- Data extract -
•••••

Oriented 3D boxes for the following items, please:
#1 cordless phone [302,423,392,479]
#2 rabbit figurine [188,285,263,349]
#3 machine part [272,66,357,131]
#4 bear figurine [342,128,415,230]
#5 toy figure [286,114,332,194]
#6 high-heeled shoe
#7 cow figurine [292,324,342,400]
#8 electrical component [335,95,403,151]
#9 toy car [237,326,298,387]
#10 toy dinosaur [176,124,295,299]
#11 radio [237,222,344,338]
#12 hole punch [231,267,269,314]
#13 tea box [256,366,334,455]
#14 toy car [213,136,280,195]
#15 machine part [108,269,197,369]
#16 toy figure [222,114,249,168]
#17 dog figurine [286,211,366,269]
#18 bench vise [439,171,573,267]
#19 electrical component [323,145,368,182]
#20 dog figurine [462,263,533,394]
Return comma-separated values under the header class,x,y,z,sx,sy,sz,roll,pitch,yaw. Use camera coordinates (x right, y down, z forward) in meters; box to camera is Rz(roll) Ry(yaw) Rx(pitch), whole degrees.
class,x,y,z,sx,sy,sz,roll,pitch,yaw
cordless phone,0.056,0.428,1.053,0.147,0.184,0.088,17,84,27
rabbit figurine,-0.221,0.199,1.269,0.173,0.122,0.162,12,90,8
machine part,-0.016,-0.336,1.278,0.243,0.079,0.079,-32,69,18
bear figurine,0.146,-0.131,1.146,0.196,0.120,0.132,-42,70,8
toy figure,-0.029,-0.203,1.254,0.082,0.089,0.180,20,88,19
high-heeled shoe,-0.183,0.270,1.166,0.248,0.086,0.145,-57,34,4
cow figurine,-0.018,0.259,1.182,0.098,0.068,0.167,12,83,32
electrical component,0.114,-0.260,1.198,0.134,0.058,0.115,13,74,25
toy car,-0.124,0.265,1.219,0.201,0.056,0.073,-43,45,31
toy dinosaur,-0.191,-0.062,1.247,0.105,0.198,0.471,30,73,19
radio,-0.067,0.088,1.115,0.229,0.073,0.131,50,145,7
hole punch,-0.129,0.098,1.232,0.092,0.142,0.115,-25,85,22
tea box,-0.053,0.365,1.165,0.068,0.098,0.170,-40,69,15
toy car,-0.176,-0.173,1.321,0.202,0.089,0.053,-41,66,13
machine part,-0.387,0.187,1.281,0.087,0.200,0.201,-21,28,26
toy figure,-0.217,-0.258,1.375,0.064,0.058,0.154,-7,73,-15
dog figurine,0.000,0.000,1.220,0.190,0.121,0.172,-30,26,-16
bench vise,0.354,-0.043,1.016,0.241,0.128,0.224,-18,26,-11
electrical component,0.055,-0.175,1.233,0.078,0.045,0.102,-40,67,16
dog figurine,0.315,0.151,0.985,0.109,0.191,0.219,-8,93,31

•••••

- What needs to be done -
Beginning at the line with "#19 electrical component [323,145,368,182]" and stopping after the line with "#20 dog figurine [462,263,533,394]", please write out every line of the data above exactly and nothing else.

- Result below -
#19 electrical component [323,145,368,182]
#20 dog figurine [462,263,533,394]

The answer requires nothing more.